A hot streak of Red Watchmen was now spidering down from their dark, hovering scarlet frightcopter on black nylonite ropes. When they touched down, they gathered themselves for a few moments, folding and unfolding their arms in arthropodal jerks.

Astrid, Baj, and the other officers watched anxiously as the ropes retracted like hissing black asps. The frightcopter remained rigidly in place, about forty feet up, its solar-electric engines thrumming in near-silence. Looking over his shoulder, St. Cuthbert leaned over the edge of the lion enclosure, peering down into the moat.

“Move back from there, Cuthbert,” said the doctor. “Please, Cuddy.”

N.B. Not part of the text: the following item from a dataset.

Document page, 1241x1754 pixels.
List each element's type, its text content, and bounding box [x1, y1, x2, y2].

The Watchmen—there were three of them—extended their extra-long golden neuralpikes. One of them cracked open a black nerve-bar instant prison at their landing site. The other two Watchmen began to stomp toward Astrid and Baj, their pair of pikes jutting ahead of them, the tips charging with red glows. The pair together were a single massive satanic head, swaying forward and back with ox-like unstoppability. They seemed to know exactly what—or who—they wanted—and only Astrid and a GP with lung cancer stood between them and their quarry.

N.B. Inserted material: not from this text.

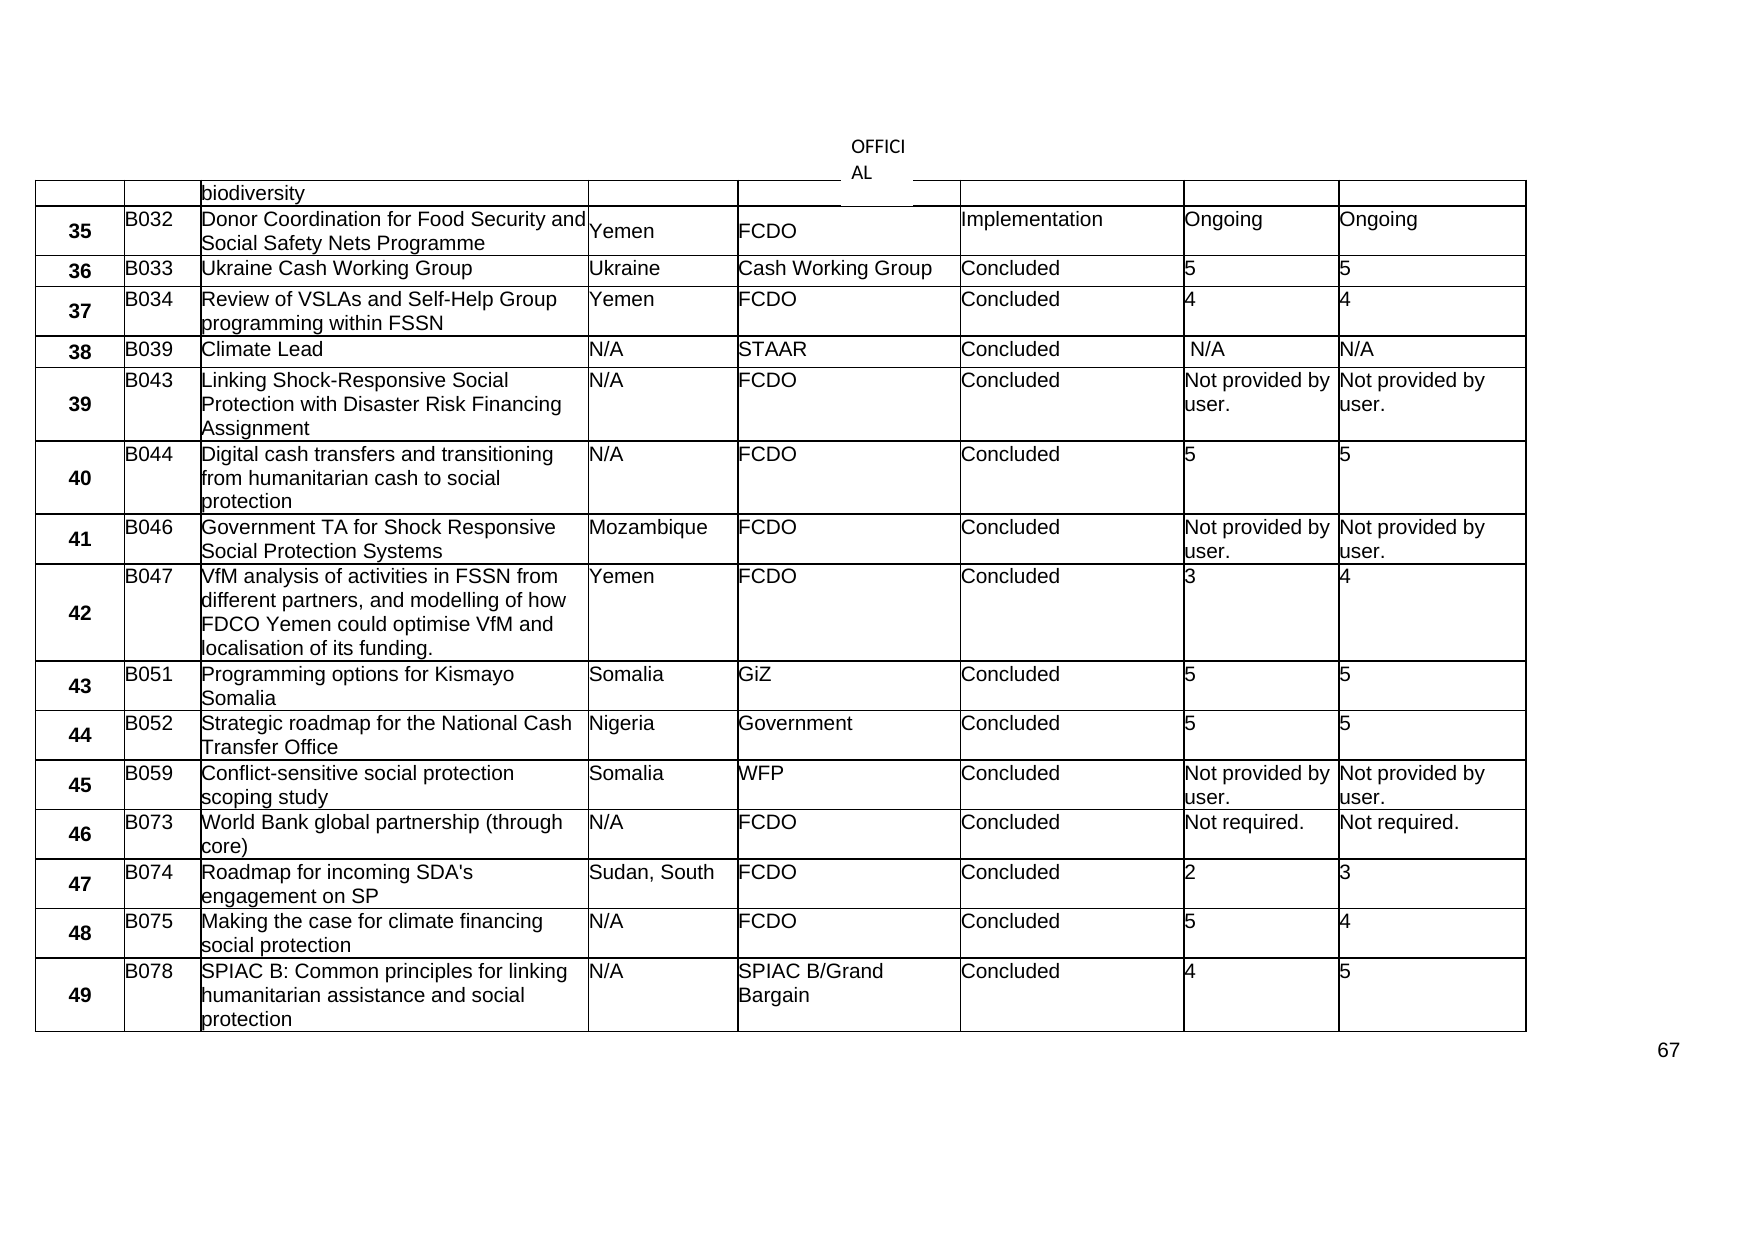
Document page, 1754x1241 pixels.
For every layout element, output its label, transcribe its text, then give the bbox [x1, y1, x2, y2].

“Cuthbert, run,” said Astrid. “Get out of here.”

“I won’t,” he said, smiling sadly. “I can’t.”

These were no ordinary Watchmen, Astrid fearfully realized. Suicide cultists and street-rousing republicans were generally left to the regular Watch. These Watchmen belonged to a special new unit, the Scots Coldstream Aristocratic Regiment, or SCARE. They were deployed for high-level political or strategic-level hits when Harry9 wanted to make a special, showy example. They wore the red and gold House of Windsor mantles of the regular Watch as well as the glossy scarlet body armor associated with the king’s own Yeoman Protection Command. SCARE’s distinctive, bulbous mantis-eyed helms hid their faces.